# Jana Moderátorka x 7



## cuchuflete

Congratulations Jana!

 
According to our econometric models, you have helped
foreros 7,000 times.  This Micro/Macro/Metric is a leading indicator of
of your qualities as a fine colleague.  Wishing you buckets of utiles, and thousands more posts,

Un quabrazo,
cuchu

 per La Profe​ ​


----------



## ElaineG

Wow. Incredibile!

To the best colleague a woman (or panda) could have, (all images are failing today phooey!) (imagine exploding champagne here) -- I've learned so much from you, both style and substance!  Keep it up!


----------



## timpeac

Congratulations Jana!

And to celebrate the occasion, and to give us all a but more time to think about all the good Jana does for us, we'd like to announce we have disabled the PM system!

Please take this time to reflect on Jana's good deeds


----------



## Agnès E.

Thanks to you, our knowledge is in perpetual progression.

Merci, Jana ! Joyeux postiversaire !


----------



## Mei

Congratulatinos Jana!!!! 

Mei


----------



## fenixpollo

More than a forera, more than a mod... you've become a *mentor* here.  Congratulations, and _Thank You,_ Jana!


----------



## heidita

Jana , I'm always impressed by your vast knowledge.

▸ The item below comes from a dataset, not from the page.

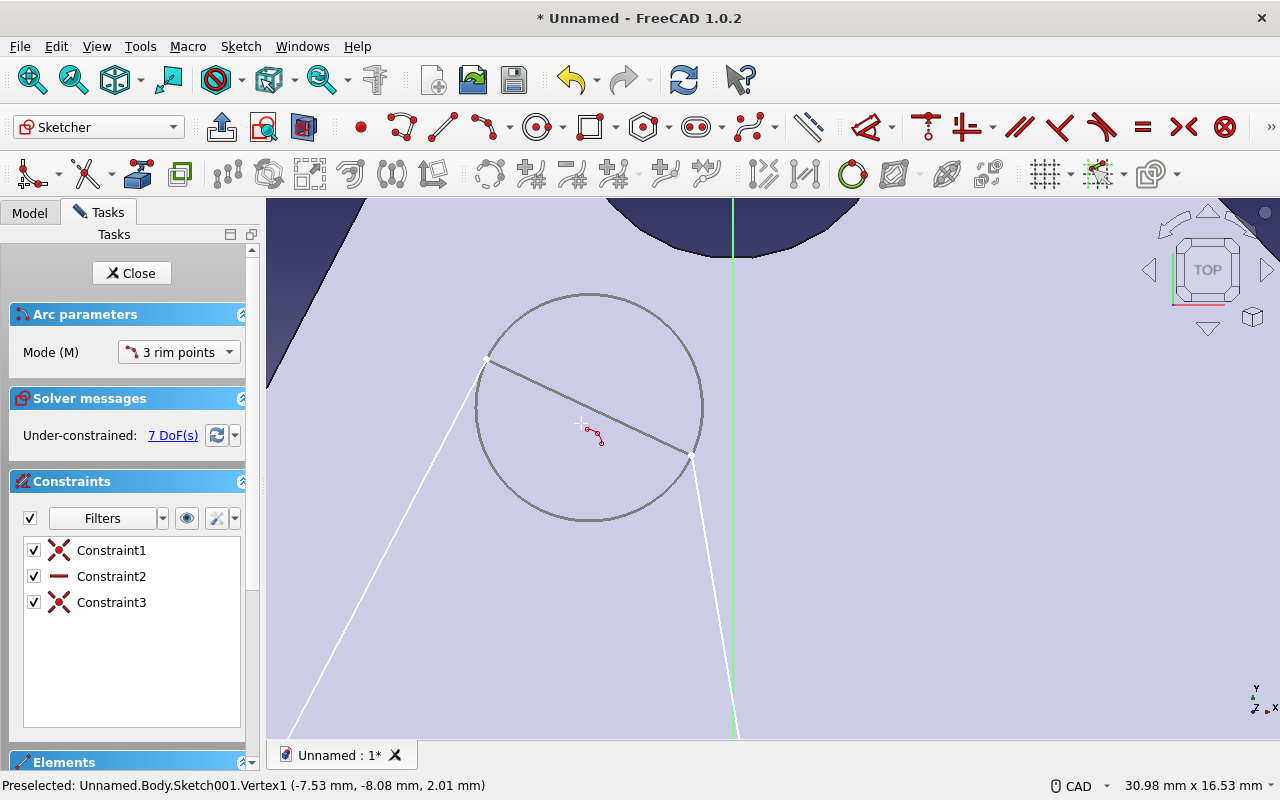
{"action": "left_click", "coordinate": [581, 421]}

Congratulations, ¡Enhorabuena! Herzlichen Glückwunsch!


----------



## la reine victoria

Congratulations Jana!​ 
and​ 
 Thank You  ​ 
** * * * * * **​ 
Cheers!​ 



La Reine V​


----------



## Henryk

Blahopřání.
Glückwunsch!
Congratulations!

You're an indispensable part of the WR forums. Keep it up!


----------



## Mariaguadalupe

Thank you Jana for all your input!

Congratulations and best wishes!


----------



## Vanda

Jana

In token of appreciation for your help 

I send you a kolonáda water color 

direct from Karlovy Vary!

and 7.000 thanks direct from Belo Horizonte!


----------



## Elisa68

Congratulazioni Jana! Sei davvero una mod coi fiocchi !!!!!


----------



## lsp

I found this appropriately enough in the Teacher Appreciation section. Thanks for all you teach us, it is so appreciated!


----------



## GenJen54

To a fellow mod and fabulous forera, molti Congratulazioni!


----------



## Ralf

Ich wollte dir gerade einen großen Blumenstrauß zum Meilenstein 7000 pflücken ... da hab ich ihn doch tatsächlich gefunden ... Die besten Wünsche zum Jubiläum.

Ralf


----------



## nichec

Seven thousand times thank you


----------



## Alundra

CONGRATULATIONS!!!!  

Alundra.


----------



## MonsieurAquilone

Feleci po toti posti u auti ca avare-a-e dare-e! 
Congratulations and thanks for all the help that you have given!


----------



## TrentinaNE

Congratulazioni, Jana -- e grazie (sette) mille!

Elisabetta


----------



## Alfry

Meglio tardi che mai.

Ormai hanno detto tutto gli altri, si sono mangiati tutta la torta e le patatine. 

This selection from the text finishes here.